Corrections for The Dreamweaver Collection

The below applies to the designs Sapana, Pele, Dilga, and to the Abbreviations list.

Sapana, p.18.

I have made an error in calculating the sleeves for sizes S and L. The decreases and neck shaping is worked as given, only the number of sts on the needle is affected:

...for sleeve, cast on 44 (44) 52 sts above the bound-off sts, work 80 (84) 92 sts, cast on 44 (44) 52 sts above the bound-off sts, work 80 (84) 92 sts = 248 (256) 288 sts.

After all the decrease there are (132) (132) 152 sts on the needle, that is 66 (66) 76 sts for front and back neck.


Pele, p.38, Front:

The length to armhole is off, it should read:
When you reach row 27 ( 25) 23 (21) on the 2nd repeat, bind off 4 sts for the armhole ...

After the instructions on how to shape the neck the text states
... Work without further shaping until the piece measures...
This should naturally be .. until the armhole measures....


Dilga, p.55:

I'm sorry, I have made an error in the length of the garment and I can't for the life of me reconstruct where the numbers come from, so I have recalculated:

The full length should be: 23¾ (24) 24½ (24¾) in / 60 (61) 62 (63) cm.
Length to armhole is then only 14¾ in / 37 cm.

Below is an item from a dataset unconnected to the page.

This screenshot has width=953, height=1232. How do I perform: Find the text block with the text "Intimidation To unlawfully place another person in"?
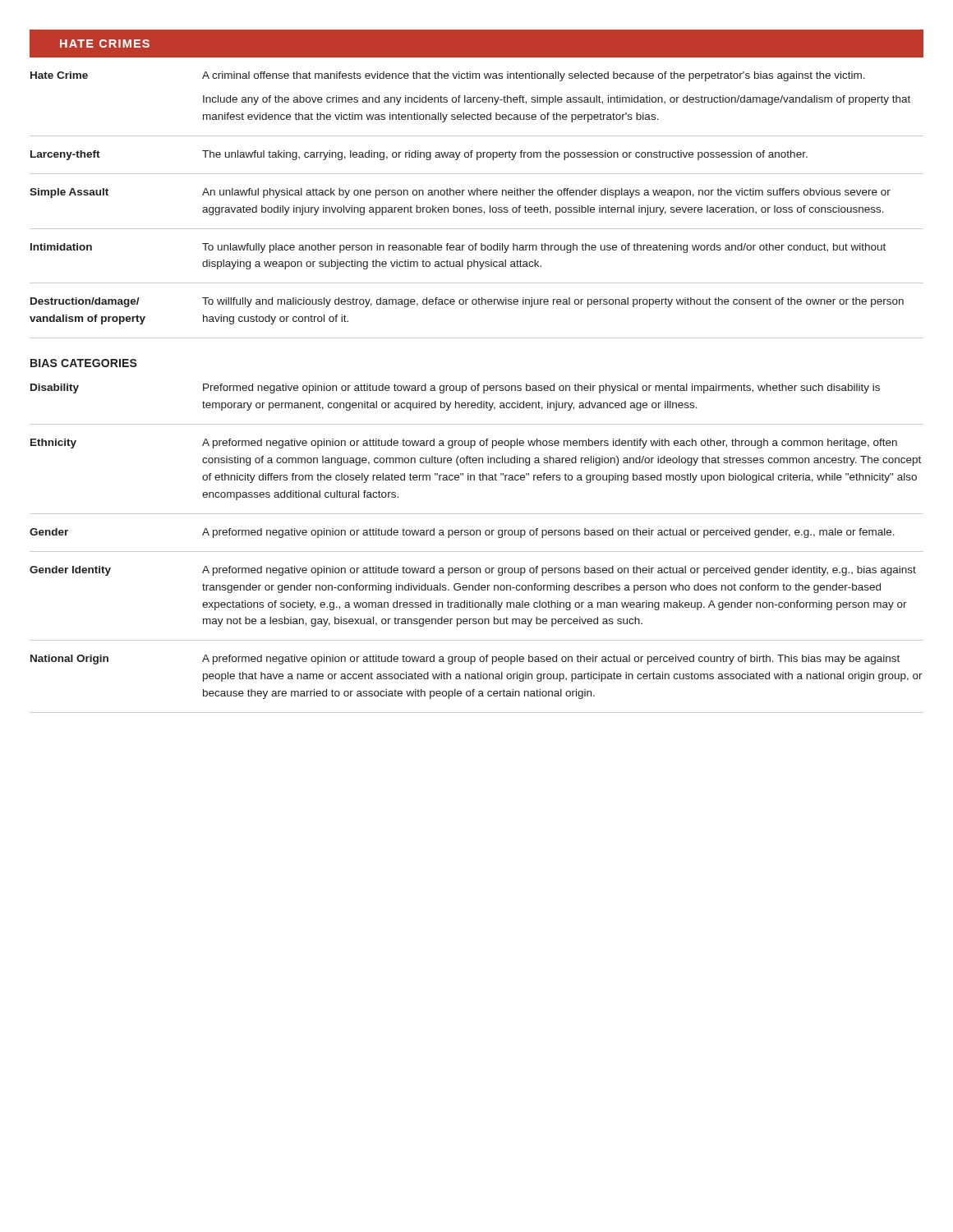click(x=476, y=256)

Clarification concerning the pattern:

There is no set number of motifs per row, the number of motifs will differ depending on which size you knit and where you are in the pattern sequence.

The chart shows all the pattern rows, so with the wrong side rows (not shown in the chart), the pattern consists of 10 rows. This means that you always have 2 right side rows without pattern and 3 right side rows with pattern.

Please read the Pattern section on p. 56 thoroughly. If you follow those instructions, things should fall into place. The pattern is not difficult, it is just an unusual way to create a pattern.

This is how the instructions tell you to start:
Begin with: Edge st, 5 sts, motif, 5 sts, motif, 10 sts, motif, 15 sts, motif, 25 sts, motif, 40 sts, motif, and then begin again with 5 sts, motif, 5 sts, motif, etc.

Using stitch markers will make it much easier to follow the pattern sequence. On row 5, work until the 1st motif and place a marker; work to the next motif and place marker, etc.
   On the following pattern row, you will see (or rather, feel) where to work the motifs and shouldn’t have to concentrate too much on the pattern. On row 9, remove the markers. Note where in the Fibonacci sequence the row ends so that you will know where to start the next repeat above!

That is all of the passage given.